The number of swaps in bubble sort equals the number of inversion pairs in the given array.
When the array elements are few and the array is nearly sorted, bubble sort is effective and efficient.
//use the randomly generated 5000 elements
int mergeSort[] = new int[5000];
for (int i = 0; i < mergeSort.length; i++) {
int random = intArray[i];
mergeSort[i] = random;
}
int comparison = 0;
int swap = 0;
public void mergeSort(int data[], int l, int r) {
if (l < r) {
int m = l + (r-l)/2;
mergeSort(data, l, m);
mergeSort(data , m+1, r);
merge(data, l, m, r);
}
}
public void merge(int data[], int l, int m, int r) {
int n1 = m - l + 1;
int n2 = r - m;
int[] L = new int[n1];
int[] R = new int[n2];
for (int i = 0; i < n1; i++) {
L[i] = data[l + i];
}
for (int j = 0; j < n2; j++) {
R[j] = data[m + 1 + j];
}
int i = 0, j = 0, k = l;
while (i < n1 && j < n2) {
if (L[i] <= R[j]) {
data[k] = L[i];
i++;
}
else {
data[k] = R[j];
j++;
}
k++;
comparison++;
swap++;
}
while (i < n1) {
data[k] = L[i];
i++;
k++;
swap++;
}
while (j < n2) {
data[k] = R[j];
j++;
k++;
swap++;
}
}
//calculate total time
long start = System.nanoTime();
mergeSort(mergeSort, 0, mergeSort.length-1); //left -> 0, right -> length of mergesort
long end = System.nanoTime();
long timeElapsed = end - start;
//total time & number of comparisons/swaps
System.out.println("Total time: " + timeElapsed + " nanoseconds");
System.out.println("Comparisons: " + comparison);
System.out.println("Swaps: " + swap);
12 times: 13142708 15338583 13292792 12895541 14663292 14833125 14769292 12804833 16318958 12847708 14018666 13988792
average (throw out highest and lowest): 13979000
Time complexity:
Worst case: O(nlogn). The worst-case time complexity is the same as the best case.

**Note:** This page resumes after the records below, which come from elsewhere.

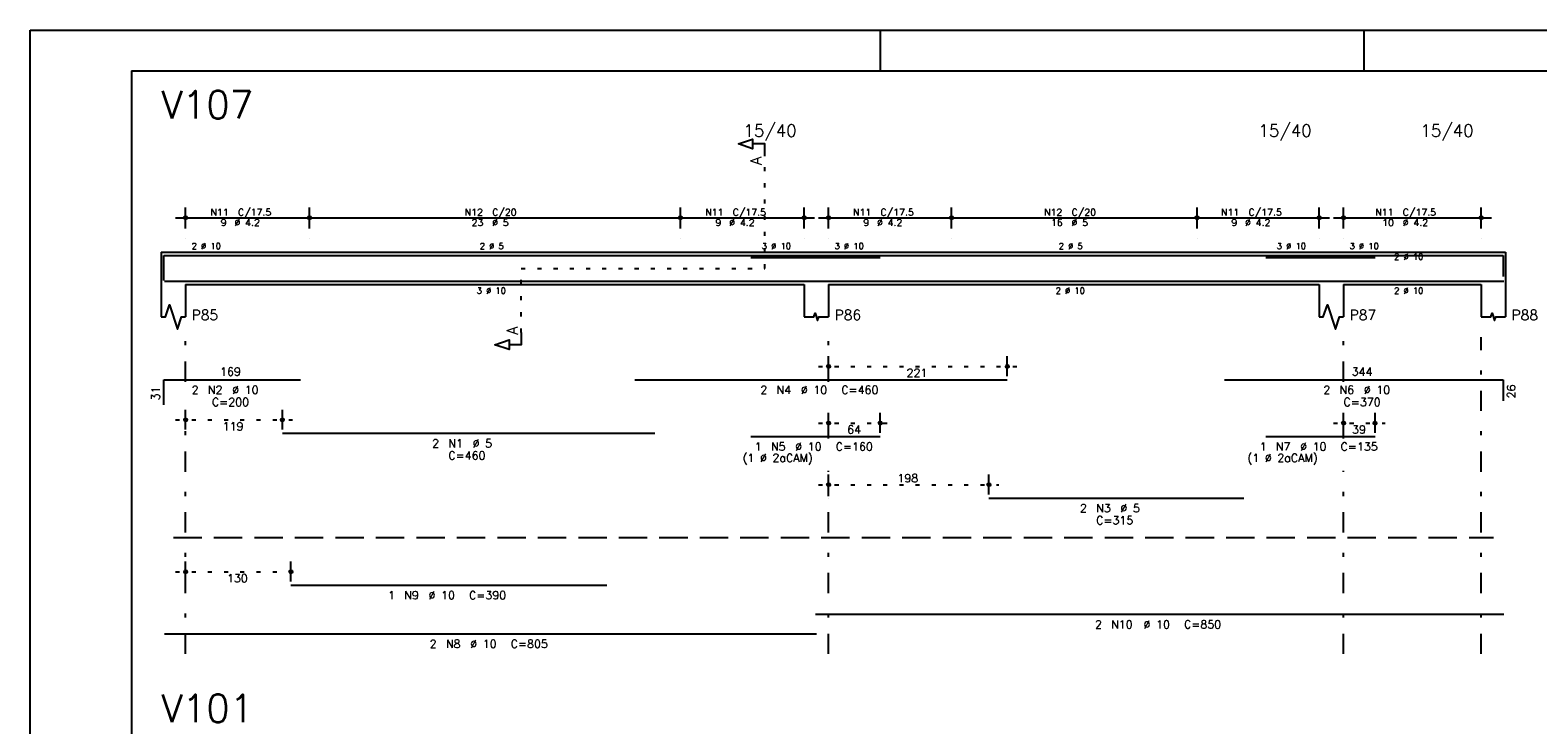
# Model space of a CAD drawing. Extents: x 0 to 119, y 0 to 84.
# Tile 4 of 11: x 0 to 37, y 67 to 84. Entities that reach past the tile are written whole.
import ezdxf

# ---------------------------------------------------------------- set-up
doc = ezdxf.new("R2010")
doc.units = 0
doc.header["$MEASUREMENT"] = 0
for name, pattern in [('ESTILO_TQS_0001', [1, 0.7, -0.3]), ('ESTILO_TQS_0002', [0.4, 0.1, -0.3]), ('ESTILO_TQS_0003', [1.5, 0.5, -0.4, 0.1, -0.5])]:
    doc.linetypes.add(name, pattern=pattern)
for name, color, linetype in [('1', 1, 'CONTINUOUS'), ('2', 2, 'CONTINUOUS'), ('4', 4, 'CONTINUOUS'), ('6', 6, 'CONTINUOUS'), ('7', 7, 'CONTINUOUS'), ('8', 8, 'CONTINUOUS')]:
    doc.layers.add(name, color=color, linetype=linetype)
doc.styles.get("Standard").update_dxf_attribs({"font": 'ROMANS.SHX'})

msp = doc.modelspace()

# ---------------------------------------------------------------- linework, layer by layer
at = {"layer": '1', "linetype": 'Continuous'}
for p, q in [((0, 0), (0, 84.1)), ((0, 84.1), (118.9, 84.1)), ((21, 83.1), (21, 84.1)), ((32.95, 83.1), (32.95, 84.1))]:
    msp.add_line(p, q, dxfattribs=at)
at = {"layer": '1', "linetype": 'ESTILO_TQS_0002'}
for p, q in [((18.145, 78.22), (18.145, 80.99)), ((12.13, 76.635), (12.13, 78.22)), ((12.13, 78.22), (18.145, 78.22)), ((19.47, 75.8), (24.385, 75.8)), ((3.59, 74.48), (6.479, 74.48)), ((19.47, 74.4), (21.247, 74.4)), ((32.19, 74.4), (33.467, 74.4)), ((19.47, 72.88), (23.929, 72.88)), ((3.59, 70.73), (6.69, 70.73))]:
    msp.add_line(p, q, dxfattribs=at)
at = {"layer": '1', "linetype": 'ESTILO_TQS_0001'}
msp.add_line((3.54, 71.575), (36.14, 71.575), dxfattribs=at)
at = {"layer": '2', "linetype": 'Continuous'}
for p, q in [((3.84, 79.2), (3.84, 79.72)), ((6.9, 79.2), (6.9, 79.72)), ((6.9, 79.2), (6.9, 79.72)), ((16.06, 79.2), (16.06, 79.72)), ((16.06, 79.2), (16.06, 79.72)), ((19.12, 79.2), (19.12, 79.72)), ((19.72, 79.2), (19.72, 79.72)), ((22.76, 79.2), (22.76, 79.72)), ((22.76, 79.2), (22.76, 79.72)), ((28.82, 79.2), (28.82, 79.72)), ((28.82, 79.2), (28.82, 79.72)), ((31.84, 79.2), (31.84, 79.72)), ((32.44, 79.2), (32.44, 79.72)), ((35.84, 79.2), (35.84, 79.72)), ((3.59, 79.47), (7.15, 79.47)), ((6.65, 79.47), (16.31, 79.47)), ((15.81, 79.47), (19.37, 79.47)), ((19.47, 79.47), (23.01, 79.47)), ((22.51, 79.47), (29.07, 79.47)), ((28.57, 79.47), (32.09, 79.47)), ((32.19, 79.47), (36.09, 79.47)), ((3.84, 78.95), (3.84, 78.95)), ((6.9, 78.95), (6.9, 78.95)), ((6.9, 78.95), (6.9, 78.95)), ((16.06, 78.95), (16.06, 78.95)), ((16.06, 78.95), (16.06, 78.95)), ((19.12, 78.95), (19.12, 78.95)), ((19.72, 78.95), (19.72, 78.95)), ((22.76, 78.95), (22.76, 78.95)), ((22.76, 78.95), (22.76, 78.95)), ((28.82, 78.95), (28.82, 78.95)), ((28.82, 78.95), (28.82, 78.95)), ((31.84, 78.95), (31.84, 78.95)), ((32.44, 78.95), (32.44, 78.95)), ((35.84, 78.95), (35.84, 78.95)), ((3.24, 78.62), (3.24, 77.82)), ((3.24, 78.62), (3.84, 78.62)), ((3.84, 78.62), (19.12, 78.62)), ((19.12, 78.62), (19.72, 78.62)), ((19.72, 78.62), (31.84, 78.62)), ((31.84, 78.62), (32.44, 78.62)), ((32.44, 78.62), (35.84, 78.62)), ((35.84, 78.62), (36.44, 78.62)), ((36.44, 78.62), (36.44, 77.82)), ((3.24, 77.82), (3.24, 77.02)), ((3.84, 77.82), (19.12, 77.82)), ((3.84, 77.82), (3.84, 77.02)), ((19.12, 77.82), (19.12, 77.02)), ((19.72, 77.82), (31.84, 77.82)), ((19.72, 77.82), (19.72, 77.02)), ((31.84, 77.82), (31.84, 77.02)), ((32.44, 77.82), (35.84, 77.82)), ((32.44, 77.82), (32.44, 77.02)), ((35.84, 77.82), (35.84, 77.02)), ((36.44, 77.82), (36.44, 77.02)), ((19.72, 75.56), (19.72, 76.05)), ((24.135, 75.56), (24.135, 76.05)), ((19.72, 75.46), (19.72, 75.46)), ((24.135, 75.46), (24.135, 75.46)), ((3.84, 74.24), (3.84, 74.73)), ((6.229, 74.24), (6.229, 74.73)), ((19.72, 74.16), (19.72, 74.65)), ((20.997, 74.16), (20.997, 74.65)), ((32.44, 74.16), (32.44, 74.65)), ((33.217, 74.16), (33.217, 74.65)), ((3.84, 74.14), (3.84, 74.14)), ((6.229, 74.14), (6.229, 74.14)), ((19.72, 74.06), (19.72, 74.06)), ((20.997, 74.06), (20.997, 74.06)), ((32.44, 74.06), (32.44, 74.06)), ((33.217, 74.06), (33.217, 74.06)), ((19.72, 72.64), (19.72, 73.13)), ((23.679, 72.64), (23.679, 73.13)), ((19.72, 72.54), (19.72, 72.54)), ((23.679, 72.54), (23.679, 72.54)), ((3.84, 70.49), (3.84, 70.98)), ((6.44, 70.49), (6.44, 70.98)), ((3.84, 70.39), (3.84, 70.39)), ((6.44, 70.39), (6.44, 70.39))]:
    msp.add_line(p, q, dxfattribs=at)
at = {"layer": '2', "linetype": 'ESTILO_TQS_0003'}
for p, q in [((3.84, 75.422), (3.84, 76.52)), ((19.72, 75.422), (19.72, 76.52)), ((32.44, 75.422), (32.44, 76.52)), ((35.84, 68.7), (35.84, 76.52)), ((3.84, 68.7), (3.84, 74.618)), ((19.72, 74.022), (19.72, 74.618)), ((32.44, 74.022), (32.44, 74.618)), ((19.72, 68.7), (19.72, 73.218)), ((32.44, 68.7), (32.44, 73.218))]:
    msp.add_line(p, q, dxfattribs=at)
at = {"layer": '2', "linetype": 'Continuous'}
for points in [[(18.145, 80.99), (18.145, 81.29), (17.845, 81.29), (17.845, 81.17), (17.495, 81.29), (17.845, 81.41), (17.845, 81.29)], [(3.24, 77.02), (3.34, 77.02), (3.44, 77.32), (3.64, 76.72), (3.74, 77.02), (3.84, 77.02)], [(19.12, 77.02), (19.36, 77.02), (19.39, 77.11), (19.45, 76.93), (19.48, 77.02), (19.72, 77.02)], [(31.84, 77.02), (31.94, 77.02), (32.04, 77.32), (32.24, 76.72), (32.34, 77.02), (32.44, 77.02)], [(35.84, 77.02), (36.08, 77.02), (36.11, 77.11), (36.17, 76.93), (36.2, 77.02), (36.44, 77.02)], [(12.13, 76.635), (12.13, 76.335), (11.83, 76.335), (11.83, 76.215), (11.48, 76.335), (11.83, 76.455), (11.83, 76.335)]]:
    msp.add_lwpolyline(points, dxfattribs=at)
for centre, radius in [((3.84, 79.47), 0.0416), ((3.84, 79.47), 0.0208), ((6.9, 79.47), 0.0416), ((6.9, 79.47), 0.0416), ((6.9, 79.47), 0.0208), ((6.9, 79.47), 0.0208), ((16.06, 79.47), 0.0416), ((16.06, 79.47), 0.0416), ((16.06, 79.47), 0.0208), ((16.06, 79.47), 0.0208), ((19.12, 79.47), 0.0416), ((19.12, 79.47), 0.0208), ((19.72, 79.47), 0.0416), ((19.72, 79.47), 0.0208), ((22.76, 79.47), 0.0416), ((22.76, 79.47), 0.0416), ((22.76, 79.47), 0.0208), ((22.76, 79.47), 0.0208), ((28.82, 79.47), 0.0416), ((28.82, 79.47), 0.0416), ((28.82, 79.47), 0.0208), ((28.82, 79.47), 0.0208), ((31.84, 79.47), 0.0416), ((31.84, 79.47), 0.0208), ((32.44, 79.47), 0.0416), ((32.44, 79.47), 0.0208), ((35.84, 79.47), 0.0416), ((35.84, 79.47), 0.0208), ((19.72, 75.8), 0.04), ((19.72, 75.8), 0.02), ((24.135, 75.8), 0.04), ((24.135, 75.8), 0.02), ((3.84, 74.48), 0.04), ((3.84, 74.48), 0.02), ((6.229, 74.48), 0.04), ((6.229, 74.48), 0.02), ((19.72, 74.4), 0.04), ((19.72, 74.4), 0.02), ((20.997, 74.4), 0.04), ((20.997, 74.4), 0.02), ((32.44, 74.4), 0.04), ((32.44, 74.4), 0.02), ((33.217, 74.4), 0.04), ((33.217, 74.4), 0.02), ((19.72, 72.88), 0.04), ((19.72, 72.88), 0.02), ((23.679, 72.88), 0.04), ((23.679, 72.88), 0.02), ((3.84, 70.73), 0.04), ((6.44, 70.73), 0.04), ((3.84, 70.73), 0.02), ((6.44, 70.73), 0.02)]:
    msp.add_circle(centre, radius, dxfattribs=at)
at = {"layer": '4', "linetype": 'Continuous'}
for p, q in [((3.3, 77.92), (3.3, 78.54)), ((3.3, 78.54), (6.68, 78.54)), ((6.229, 78.54), (15.429, 78.54)), ((14.935, 78.54), (24.135, 78.54)), ((17.797, 78.49), (20.997, 78.49)), ((23.679, 78.54), (29.979, 78.54)), ((29.5, 78.54), (36.38, 78.54)), ((30.517, 78.49), (33.217, 78.49)), ((36.38, 78.54), (36.38, 78.02)), ((3.32, 77.9), (19.42, 77.9)), ((6.44, 77.9), (14.24, 77.9)), ((19.4, 77.9), (36.4, 77.9))]:
    msp.add_line(p, q, dxfattribs=at)
at = {"layer": '6', "linetype": 'Continuous'}
for p, q in [((3.3, 74.85), (3.3, 75.47)), ((3.3, 75.47), (6.68, 75.47)), ((14.935, 75.47), (24.135, 75.47)), ((29.5, 75.47), (36.38, 75.47)), ((36.38, 75.47), (36.38, 74.95)), ((6.229, 74.15), (15.429, 74.15)), ((17.797, 74.07), (20.997, 74.07)), ((30.517, 74.07), (33.217, 74.07)), ((23.679, 72.55), (29.979, 72.55)), ((6.44, 70.4), (14.24, 70.4)), ((19.4, 69.68), (36.4, 69.68)), ((3.32, 69.2), (19.42, 69.2))]:
    msp.add_line(p, q, dxfattribs=at)
at = {"layer": '8', "linetype": 'Continuous'}
for q in [(117.9, 83.1), (2.5, 1)]:
    msp.add_line((2.5, 83.1), q, dxfattribs=at)

# ---------------------------------------------------------------- texts
at = {"layer": '2', "linetype": 'Continuous'}
for s, height, p in [('15/40', 0.3, (17.62, 81.47)), ('15/40', 0.3, (30.34, 81.47)), ('15/40', 0.3, (34.34, 81.47)), ('N11', 0.17, (4.452, 79.521)), ('C/17.5', 0.17, (5.132, 79.521)), ('N12', 0.17, (10.732, 79.521)), ('C/20', 0.17, (11.412, 79.521)), ('N11', 0.17, (16.672, 79.521)), ('C/17.5', 0.17, (17.352, 79.521)), ('N11', 0.17, (20.322, 79.521)), ('C/17.5', 0.17, (21.002, 79.521)), ('N12', 0.17, (25.042, 79.521)), ('C/20', 0.17, (25.722, 79.521)), ('N11', 0.17, (29.412, 79.521)), ('C/17.5', 0.17, (30.092, 79.521)), ('N11', 0.17, (33.222, 79.521)), ('C/17.5', 0.17, (33.902, 79.521)), ('9', 0.17, (4.707, 79.266)), ('%%c 4.2', 0.17, (5.047, 79.266)), ('23', 0.17, (10.902, 79.266)), ('%%c 5', 0.17, (11.412, 79.266)), ('9', 0.17, (16.927, 79.266)), ('%%c 4.2', 0.17, (17.267, 79.266)), ('9', 0.17, (20.577, 79.266)), ('%%c 4.2', 0.17, (20.917, 79.266)), ('16', 0.17, (25.212, 79.266)), ('%%c 5', 0.17, (25.722, 79.266)), ('9', 0.17, (29.667, 79.266)), ('%%c 4.2', 0.17, (30.007, 79.266)), ('10', 0.17, (33.392, 79.266)), ('%%c 4.2', 0.17, (33.902, 79.266)), ('2 %%c 10', 0.15, (3.99, 78.695)), ('2 %%c 5', 0.15, (11.105, 78.695)), ('3 %%c 10', 0.15, (18.07, 78.695)), ('3 %%c 10', 0.15, (19.87, 78.695)), ('2 %%c 5', 0.15, (25.405, 78.695)), ('3 %%c 10', 0.15, (30.79, 78.695)), ('3 %%c 10', 0.15, (32.59, 78.695)), ('2 %%c 10', 0.15, (33.69, 78.433)), ('3 %%c 10', 0.15, (11.03, 77.595)), ('2 %%c 10', 0.15, (25.33, 77.595)), ('2 %%c 10', 0.15, (33.69, 77.595)), ('P85', 0.25, (3.99, 76.945)), ('P86', 0.25, (19.87, 76.945)), ('P87', 0.25, (32.59, 76.945)), ('P88', 0.25, (36.59, 76.945)), ('169', 0.2, (4.69, 75.57)), ('221', 0.2, (21.647, 75.54)), ('344', 0.2, (32.64, 75.57)), ('2', 0.2, (3.99, 75.12)), ('N2', 0.2, (4.39, 75.12)), ('%%c 10', 0.2, (4.99, 75.12)), ('2', 0.2, (18.035, 75.12)), ('N4', 0.2, (18.435, 75.12)), ('%%c 10', 0.2, (19.035, 75.12)), ('C=460', 0.2, (20.035, 75.12)), ('2', 0.2, (31.94, 75.12)), ('N6', 0.2, (32.34, 75.12)), ('%%c 10', 0.2, (32.94, 75.12)), ('C=200', 0.2, (4.49, 74.82)), ('C=370', 0.2, (32.44, 74.82)), ('119', 0.2, (4.755, 74.22)), ('64', 0.2, (20.179, 74.14)), ('39', 0.2, (32.649, 74.14)), ('2', 0.2, (9.929, 73.8)), ('N1', 0.2, (10.329, 73.8)), ('%%c 5', 0.2, (10.929, 73.8)), ('1', 0.2, (17.897, 73.72)), ('N5', 0.2, (18.297, 73.72)), ('%%c 10', 0.2, (18.897, 73.72)), ('C=160', 0.2, (19.897, 73.72)), ('1', 0.2, (30.367, 73.72)), ('N7', 0.2, (30.767, 73.72)), ('%%c 10', 0.2, (31.367, 73.72)), ('C=135', 0.2, (32.367, 73.72)), ('C=460', 0.2, (10.329, 73.5)), ('(1 %%c 2aCAM)', 0.2, (17.597, 73.44)), ('(1 %%c 2aCAM)', 0.2, (30.067, 73.44)), ('198', 0.2, (21.42, 72.94)), ('2', 0.2, (25.929, 72.2)), ('N3', 0.2, (26.329, 72.2)), ('%%c 5', 0.2, (26.929, 72.2)), ('C=315', 0.2, (26.329, 71.9)), ('130', 0.2, (4.86, 70.47)), ('1', 0.2, (8.84, 70.05)), ('N9', 0.2, (9.24, 70.05)), ('%%c 10', 0.2, (9.84, 70.05)), ('C=390', 0.2, (10.84, 70.05)), ('2', 0.2, (26.3, 69.33)), ('N10', 0.2, (26.7, 69.33)), ('%%c 10', 0.2, (27.5, 69.33)), ('C=850', 0.2, (28.5, 69.33)), ('2', 0.2, (9.87, 68.85)), ('N8', 0.2, (10.27, 68.85)), ('%%c 10', 0.2, (10.87, 68.85)), ('C=805', 0.2, (11.87, 68.85))]:
    msp.add_text(s, height=height, dxfattribs=at).set_placement(p)
for s, height, p in [('A', 0.272, (18.063, 80.772)), ('A', 0.272, (12.048, 76.581)), ('31', 0.2, (3.2, 74.96)), ('26', 0.2, (36.68, 75.01))]:
    msp.add_text(s, height=height, rotation=90, dxfattribs=at).set_placement(p)
at = {"layer": '7', "linetype": 'Continuous'}
for s, p in [('V107', (3.24, 81.92)), ('V101', (3.24, 67.02))]:
    msp.add_text(s, height=0.68, dxfattribs=at).set_placement(p)

doc.saveas('drawing.dxf')

Best case: O(nlogn). We are dividing the array into two sub-arrays recursively, which will cost a time complexity of O(logn). For each function call, we are calling the partition function, which costs O(n) time complexity. Hence the total time complexity is O(nlogn).
Selection Sort
In this sorting algorithm, we assume that the first element is the minimum element. Then we check to see if an element lower than the assumed minimum is present in the rest of the array. If there is, we swap the assumed minimum and the actual minimum. Otherwise, we move on to the next element.

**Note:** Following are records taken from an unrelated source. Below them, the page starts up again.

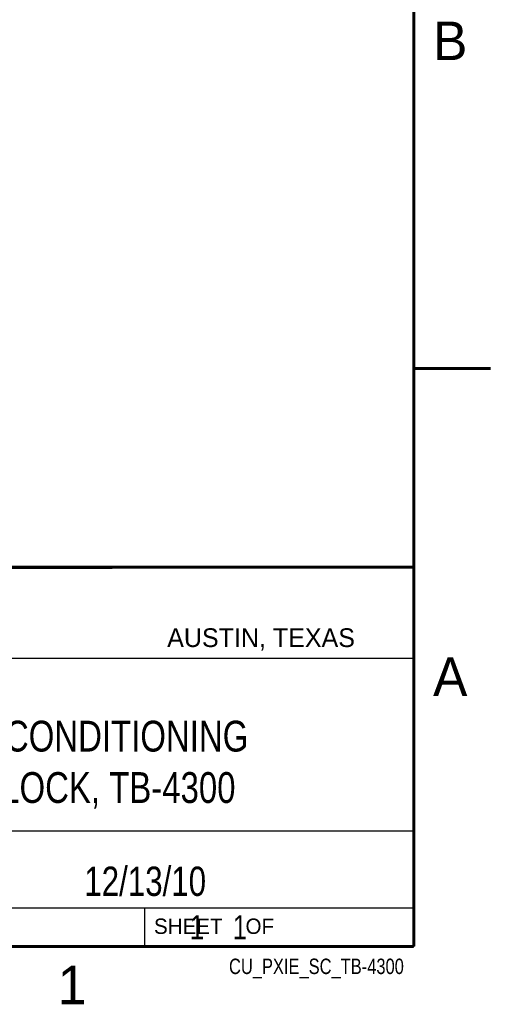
# Model space of a CAD drawing. Header units: inches. Extents: x 0 to 22, y 0 to 17.
# Tile 25 of 53: x 18.9 to 22, y 0.1 to 6.5. Entities that reach past the tile are written whole.
import ezdxf
from ezdxf.enums import TextEntityAlignment as Align

# ---------------------------------------------------------------- set-up
doc = ezdxf.new("R2010")
doc.units = ezdxf.units.IN
doc.header["$LTSCALE"] = 1.21
doc.header["$MEASUREMENT"] = 0
doc.layers.get('0').update_dxf_attribs({"linetype": 'CONTINUOUS'})
doc.styles.get("Standard").update_dxf_attribs({"font": 'txt', "width": 0.8})

msp = doc.modelspace()

# ---------------------------------------------------------------- linework, layer by layer
at = {"color": 2, "linetype": 'CONTINUOUS'}
for p, q in [((16.3737, 2.9596), (21.5037, 2.9596)), ((16.375, 2.96), (21.5, 2.96)), ((21.5037, 2.9596), (21.5037, 1.2496)), ((16.7288, 2.37), (21.5, 2.37)), ((16.3737, 1.2496), (21.5037, 1.2496)), ((18.01, 1.25), (21.5, 1.25)), ((21.5, 1.25), (21.5, 0.75)), ((16.375, 0.75), (21.5, 0.75)), ((18.01, 0.75), (21.5, 0.75)), ((19.75, 0.75), (21.5, 0.75)), ((19.75, 0.75), (19.75, 0.5)), ((21.5, 0.75), (21.5, 0.5)), ((19.75, 0.5), (21.5, 0.5)), ((20.4977, 0.4994), (21.4977, 0.4994)), ((20.4977, 0.4994), (20.4977, 0.4989)), ((20.4977, 0.4989), (21.4977, 0.4989)), ((21.4977, 0.4994), (21.4977, 0.4989))]:
    msp.add_line(p, q, dxfattribs=at)
at = {"color": 7, "linetype": 'CONTINUOUS', "const_width": 0.02}
for points in [[(21.5, 0.5), (21.5, 16.5)], [(22, 4.25), (21.5, 4.25)], [(13.6, 2.9595), (21.5, 2.96)], [(0.5, 0.5), (21.5, 0.5)]]:
    msp.add_lwpolyline(points, dxfattribs=at)

# ---------------------------------------------------------------- texts
at = {"color": 2, "linetype": 'CONTINUOUS'}
for s, height, p in [('B', 0.25, (21.625, 6.25)), ('AUSTIN, TEXAS', 0.121576, (19.898, 2.4426)), ('A', 0.25, (21.625, 2.125)), ('SHEET    OF', 0.1, (19.8121, 0.5815)), ('1', 0.25, (19.1875, 0.125))]:
    msp.add_text(s, height=height, dxfattribs=at).set_placement(p)
at = {"color": 2, "linetype": 'CONTINUOUS', "width": 0.8}
msp.add_text('CU_PXIE_SC_TB-4300', height=0.1, dxfattribs=at).set_placement((21.4352, 0.3213), align=Align.RIGHT)
at = {"color": 7, "linetype": 'CONTINUOUS'}
for s, insert, char_height, width, attachment_point in [('PXIE SIGNAL CONDITIONING \\PTERMINAL BLOCK, TB-4300', (18.9387, 1.9646), 0.2, 4, 2), ('12/13/10 ', (19.755, 1.0181), 0.19, 1.368, 2), ('     1    1', (19.8125, 0.7031), 0.15625, 1.375, 1)]:
    msp.add_mtext(s, dxfattribs=dict(at, insert=insert, char_height=char_height, width=width, attachment_point=attachment_point))

doc.saveas('drawing.dxf')

//use the randomly generated 5000 elements
int selectionSort[] = new int[5000];
for (int i = 0; i < selectionSort.length; i++) {
int random = intArray[i];
selectionSort[i] = random;
}
int comparison = 0;
int swap = 0;
public static void selectionSort(int[] data)
{
for(int i=0;i<intArray.length; i++) {
int minIndex = i;
for(int j=i+1;j<intArray.length; j++) {
if(data[j]<data[minIndex]) {
minIndex = j;
}
comparison++;
}
int temp = data[i];
data[i] = data[minIndex];
data[minIndex] = temp;
swap++;
}
}
//calculate total time
long start = System.nanoTime();
selectionSort(selectionSort);
long end = System.nanoTime();
long timeElapsed = end - start;
//total time & number of comparisons/swaps
System.out.println("Total time: " + timeElapsed + " nanoseconds");
System.out.println("Comparisons: " + comparison);
System.out.println("Swaps: " + swap);
12 times: 18416625 24675583 19899291 18860458 20516875 25488542 19593875 21603375 20720833 20482000 18509000 18327583
average (throw out highest and lowest): 18276114
Time complexity:
Worst case: O(n²). Since we traverse through the remaining array to find the minimum for each element, the time complexity will become O(n²).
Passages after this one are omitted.